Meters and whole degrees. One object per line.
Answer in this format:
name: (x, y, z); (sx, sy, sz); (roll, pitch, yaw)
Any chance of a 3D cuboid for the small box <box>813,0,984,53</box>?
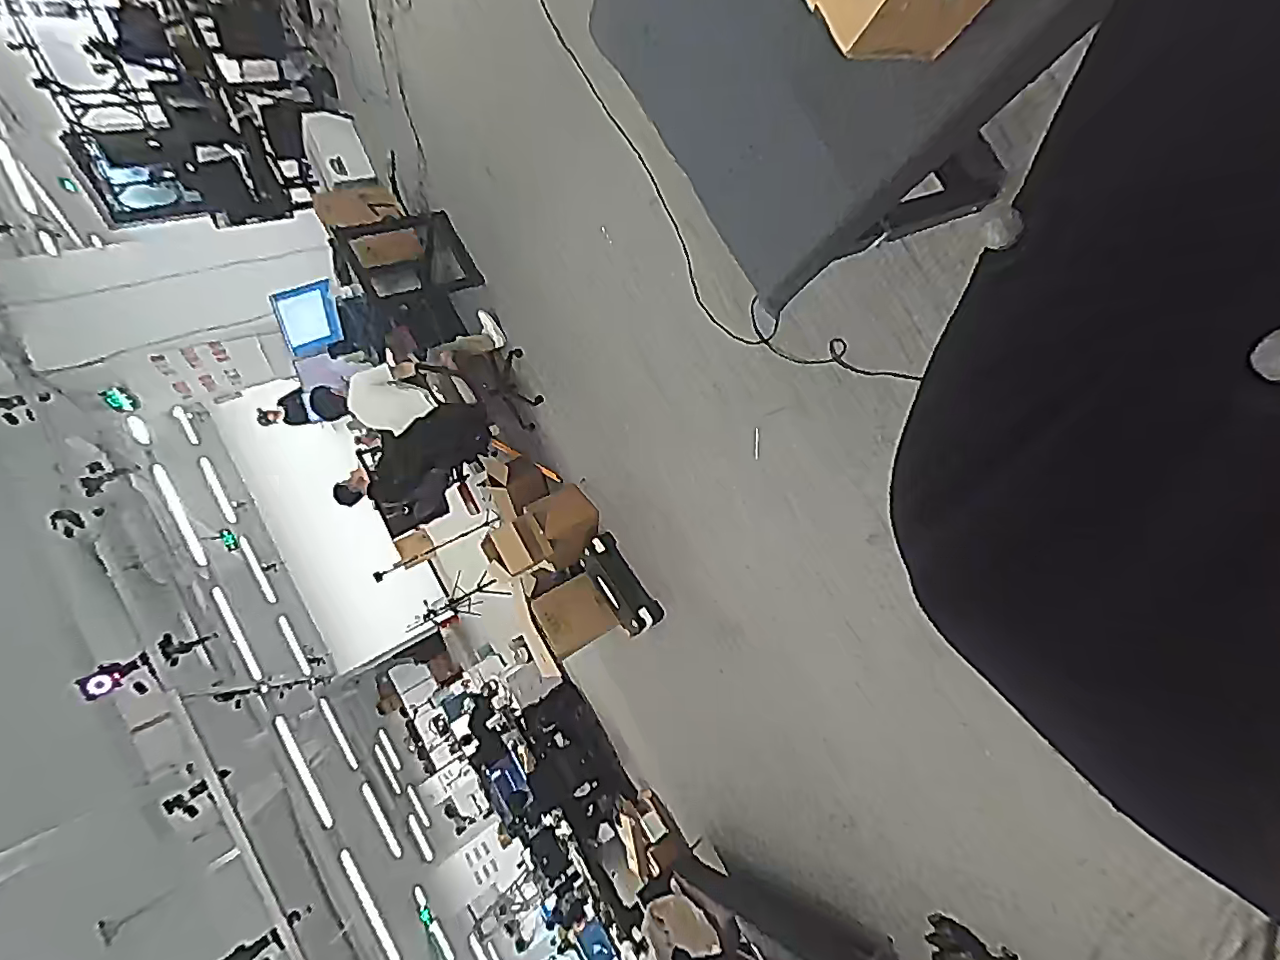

* [PROBLEM REQUIREMENTS] Please restate the material word for word; the pictures stay out.

* [ANSWER]
Meters and whole degrees. One object per line.
Answer in this format:
name: (x, y, z); (sx, sy, sz); (roll, pitch, yaw)
Any chance of a 3D cuboid for the small box <box>813,0,984,53</box>?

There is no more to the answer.